The company has hired Chicago-based investment adviser William Blair & Co. to begin soliciting offers for the company in early 2010, IBJ has learned. The asking price is expected to range between $130 million and $150 million.
Retail observers say the most likely buyer this time around is a grocery company or companies interested in operating the stores—not another private-equity player looking to wring “hidden value” out of a troubled company.
That’s because Marsh is no longer troubled, at least financially. When Sun paid $88 million in cash and assumed $237 million in debt to acquire Marsh in September 2006, the chain was losing money, flirting with default on its debt, and had just dropped to third in Indianapolis market share behind Kroger and Wal-Mart.
With Sun at the helm, Marsh slashed $70 million in overhead, sold $80 million in real estate, and spun off
non-grocery businesses, including a caterer, florist and a convenience-store chain.
Marsh used proceeds to pay down debt and plow $60 million into the renovation of 80 percent of its roughly 100 stores.
Three years later, Marsh is lean and profitable, focused solely on the grocery business. The chain remains third in market share, but its balance sheet looks pristine compared to 2006.
The locally based retailer appears to be one of Sun’s successes at a difficult time for the investment firm. Since 2008, at least 11 Sun portfolio companies have filed for bankruptcy, including the retail chain Mervyn’s, catalog retailer Lillian Vernon and power equipment maker Powermate.
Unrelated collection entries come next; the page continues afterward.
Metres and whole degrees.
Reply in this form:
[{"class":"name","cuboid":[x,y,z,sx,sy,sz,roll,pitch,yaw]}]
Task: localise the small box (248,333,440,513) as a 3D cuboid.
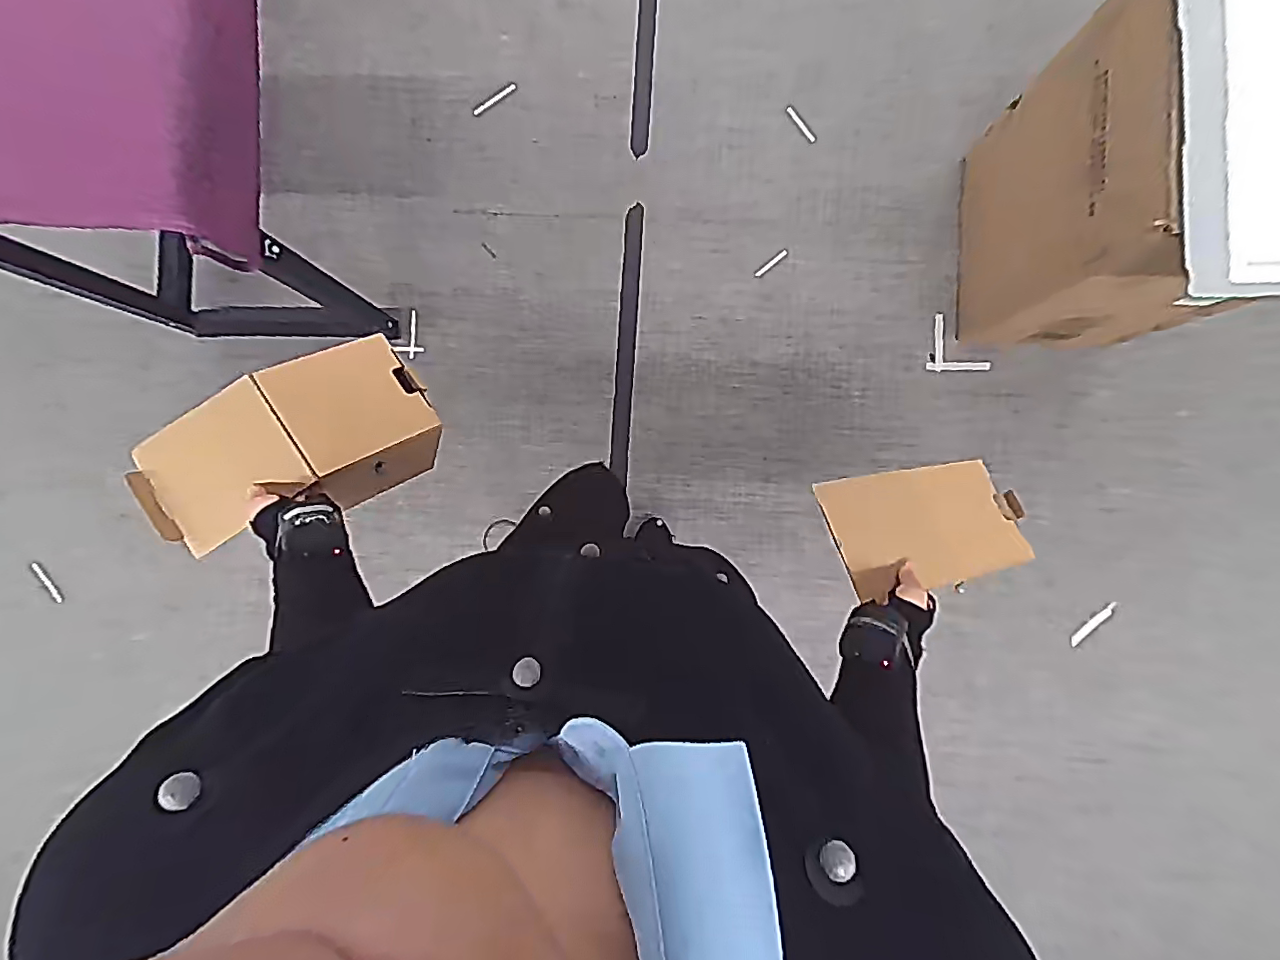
[{"class":"small box","cuboid":[-0.413,-0.075,0.778,0.179,0.176,0.168,-32,85,-33]}]
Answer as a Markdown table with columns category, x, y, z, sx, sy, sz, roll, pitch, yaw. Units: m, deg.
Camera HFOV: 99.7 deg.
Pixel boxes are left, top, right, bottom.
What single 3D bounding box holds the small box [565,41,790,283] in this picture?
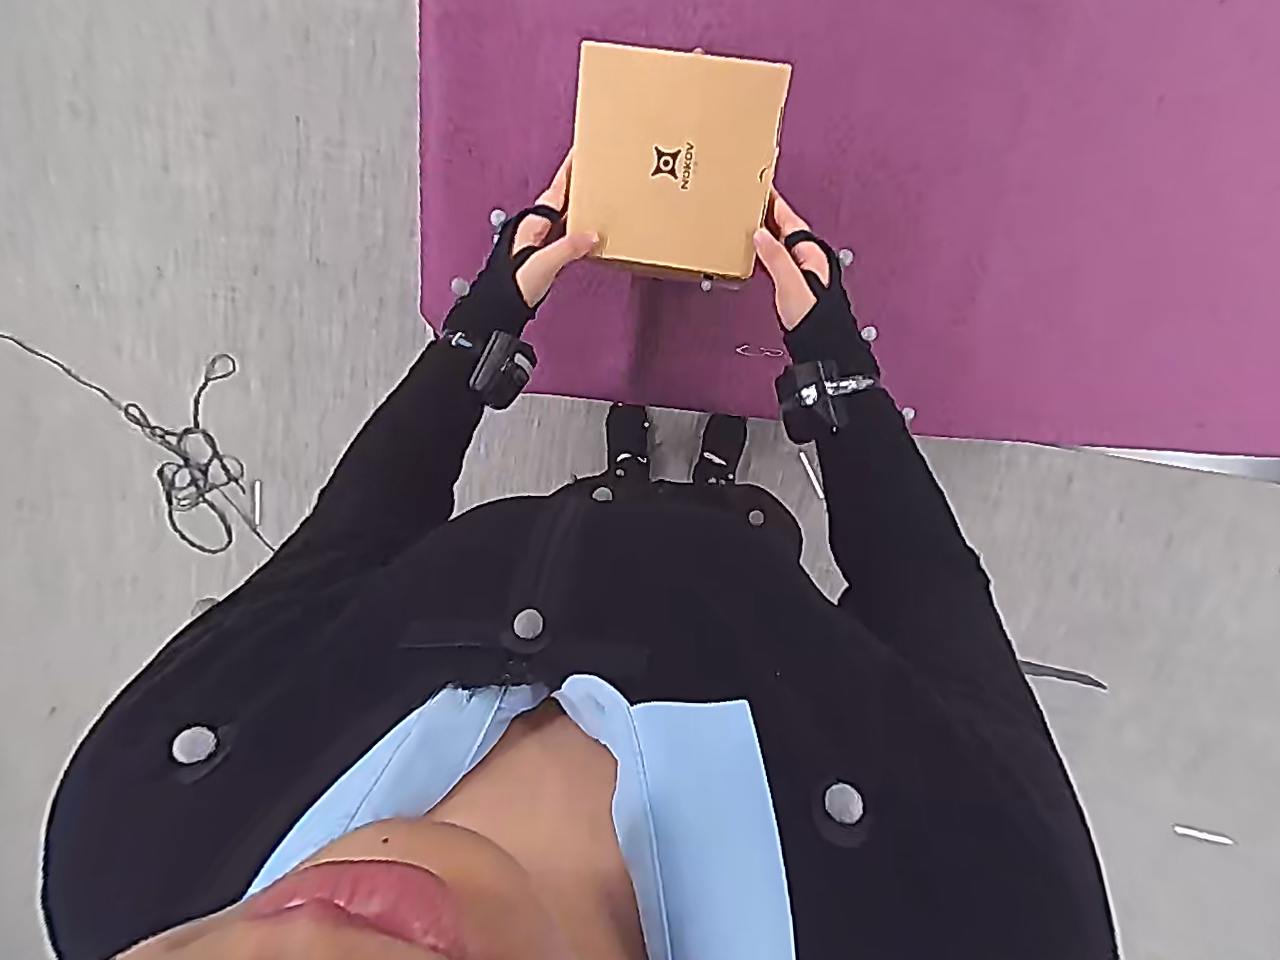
| category | x | y | z | sx | sy | sz | roll | pitch | yaw |
| --- | --- | --- | --- | --- | --- | --- | --- | --- | --- |
| small box | 0.034 | -0.298 | 0.544 | 0.179 | 0.176 | 0.168 | 8 | 107 | 2 |

It also has written off hundreds of millions of dollars of investments in GMAC and Chrysler, and laid off dozens of employees.
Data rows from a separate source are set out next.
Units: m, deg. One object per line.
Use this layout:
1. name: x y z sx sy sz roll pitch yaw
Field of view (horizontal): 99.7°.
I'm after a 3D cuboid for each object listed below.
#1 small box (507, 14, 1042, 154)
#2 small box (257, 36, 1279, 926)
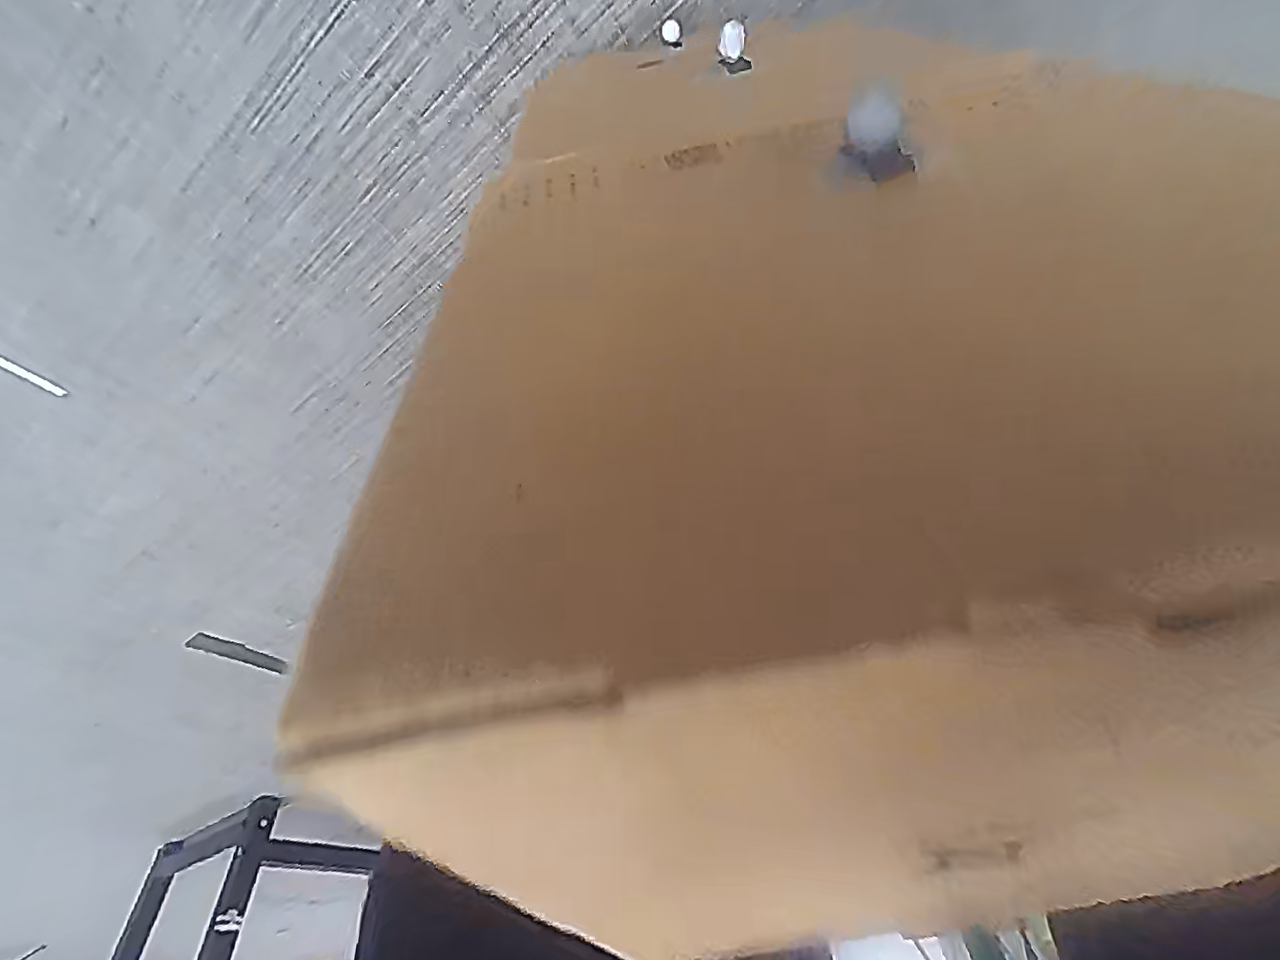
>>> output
1. small box: 0.040 -0.111 0.273 0.168 0.176 0.179 -9 135 1
2. small box: 0.053 0.004 0.158 0.168 0.176 0.179 -11 133 3

None of that has any bearing on Marsh, Lazaran said, and he characterized the challenges as pretty standard for a private-equity firm that specializes in distressed companies and owns about 100 firms at any given time.
“Sun lets us run our businesses,” he said. “They don’t want to run Marsh for us.”
Just a grocer
Under Sun’s ownership, Marsh closed a dozen stores, cut more than 30 percent of a 500-strong headquarters staff, and rebranded most of more than 30 LoBill locations as Marsh Hometown Markets.
It jettisoned Marsh private-label products in favor of the more-profitable Food Club, and canceled a pricey advertising deal with the Indiana Pacers in favor of more store-level control of sponsorship dollars. It cut inventories and sold off all but a few real estate parcels including all the stores it had owned; the chain now leases the store space.
“This company was in trouble,” said Lazaran, 52. “We worked Marsh very hard and I can tell you we’re well-positioned going forward.”
Marsh’s debt now stands at $60 million, down $177 million since the purchase.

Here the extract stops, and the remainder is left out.